Researchers found that between 1989 and 2005, the number of sperm in one milliliter of the average 35-year-old Frenchman's semen fell from about 74 million to about 50 million - a decrease of roughly 32 percent.
And the French aren't the only ones who should be concerned about a lack of swimmers, say researchers.
"A decline in male reproduction endpoints has been suspected for several decades and is still debated all around the world. Geographical differences have been observed between countries, and between areas inside countries," said Dr. Joalle Le Moal, the study's lead author from the Institut de Veille Sanitaire in France.

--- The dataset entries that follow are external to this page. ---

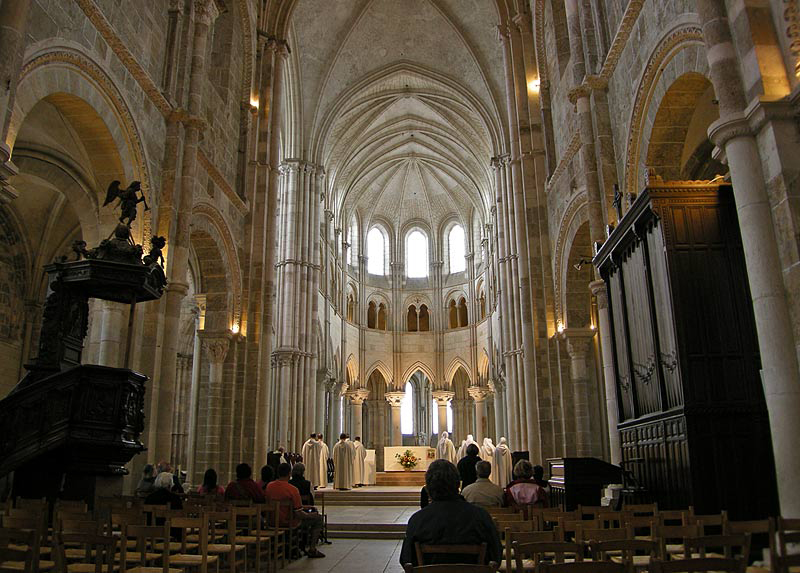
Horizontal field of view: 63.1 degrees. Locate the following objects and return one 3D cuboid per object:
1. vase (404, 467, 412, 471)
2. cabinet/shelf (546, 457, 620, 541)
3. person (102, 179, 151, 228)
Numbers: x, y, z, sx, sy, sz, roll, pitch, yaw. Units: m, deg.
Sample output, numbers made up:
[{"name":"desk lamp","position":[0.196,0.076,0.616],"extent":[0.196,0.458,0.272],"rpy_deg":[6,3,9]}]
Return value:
[{"name":"vase","position":[0.434,9.883,35.062],"extent":[0.279,0.200,0.183],"rpy_deg":[0,-19,-2]},{"name":"cabinet/shelf","position":[3.511,3.741,12.381],"extent":[1.271,1.759,1.774],"rpy_deg":[2,-13,-10]},{"name":"person","position":[-5.835,-1.743,14.050],"extent":[0.764,1.079,0.578],"rpy_deg":[-7,-16,-15]}]
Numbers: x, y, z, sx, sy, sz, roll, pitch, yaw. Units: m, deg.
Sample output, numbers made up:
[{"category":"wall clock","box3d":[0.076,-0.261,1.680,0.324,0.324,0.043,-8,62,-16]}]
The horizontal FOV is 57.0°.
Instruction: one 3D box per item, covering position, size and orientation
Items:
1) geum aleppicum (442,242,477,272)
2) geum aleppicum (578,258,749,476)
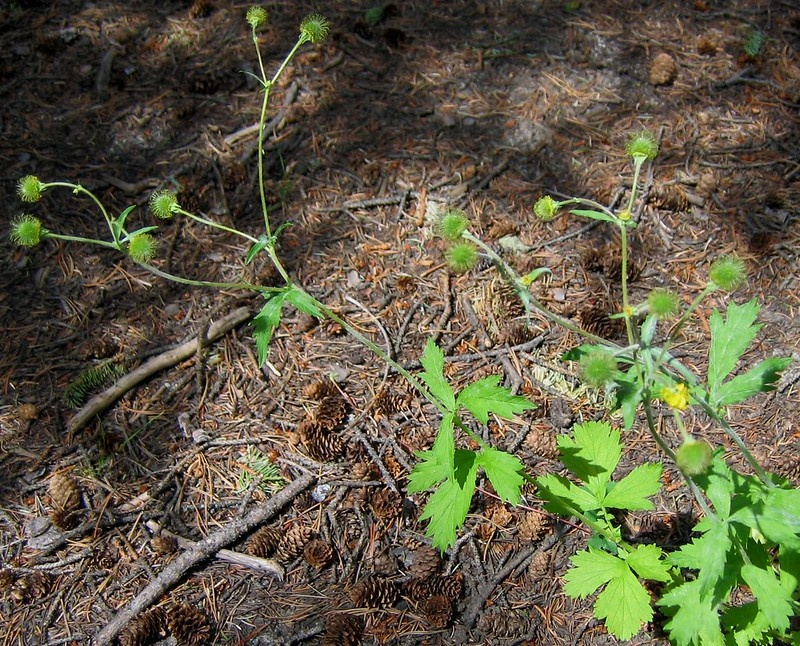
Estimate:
[{"category":"geum aleppicum","box3d":[0.356,-0.373,4.360,0.167,0.261,0.176,-3,44,-2]},{"category":"geum aleppicum","box3d":[1.629,0.334,4.501,0.735,0.765,0.839,-30,61,-12]}]
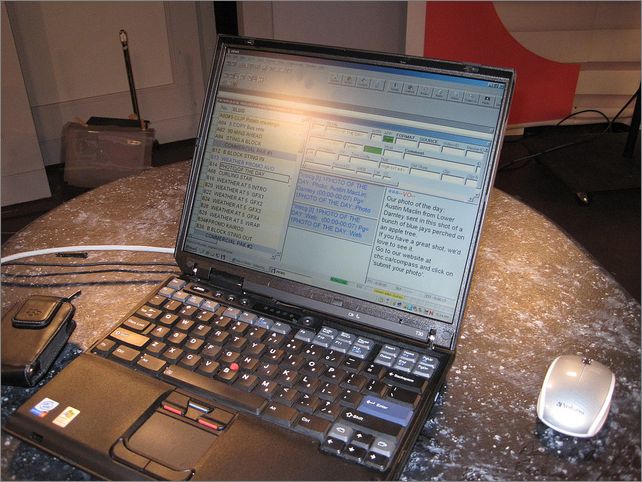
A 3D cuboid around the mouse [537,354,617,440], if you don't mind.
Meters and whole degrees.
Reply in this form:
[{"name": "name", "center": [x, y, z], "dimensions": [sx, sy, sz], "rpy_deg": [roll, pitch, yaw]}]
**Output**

Le Moal and her colleagues write in the journal Human Reproduction that global analyses have found decreases in sperm counts, as did recent studies in Israel, India, New Zealand and Tunisia.
Centola, who wasn't involved with the new research, told Reuters Health that she's found similar results in a group of young sperm donors from Boston, too.
For the new study, Le Moal and her colleagues used a database of France's 126 fertility clinics that recorded men's semen samples from 1989 through 2005.
The researchers narrowed their study to 26,600 samples provided by men whose female partners were later found to be infertile. That, they say, minimizes the risk that the men had a fertility problem.
Over the 16-year period, the researchers found there was about a 2 percent annual decrease in the number of sperm in one milliliter of the average man's semen.
"One would look at that and say it's not all that much. It isn't, but if it's occurring on a yearly basis it can add up," said Centola.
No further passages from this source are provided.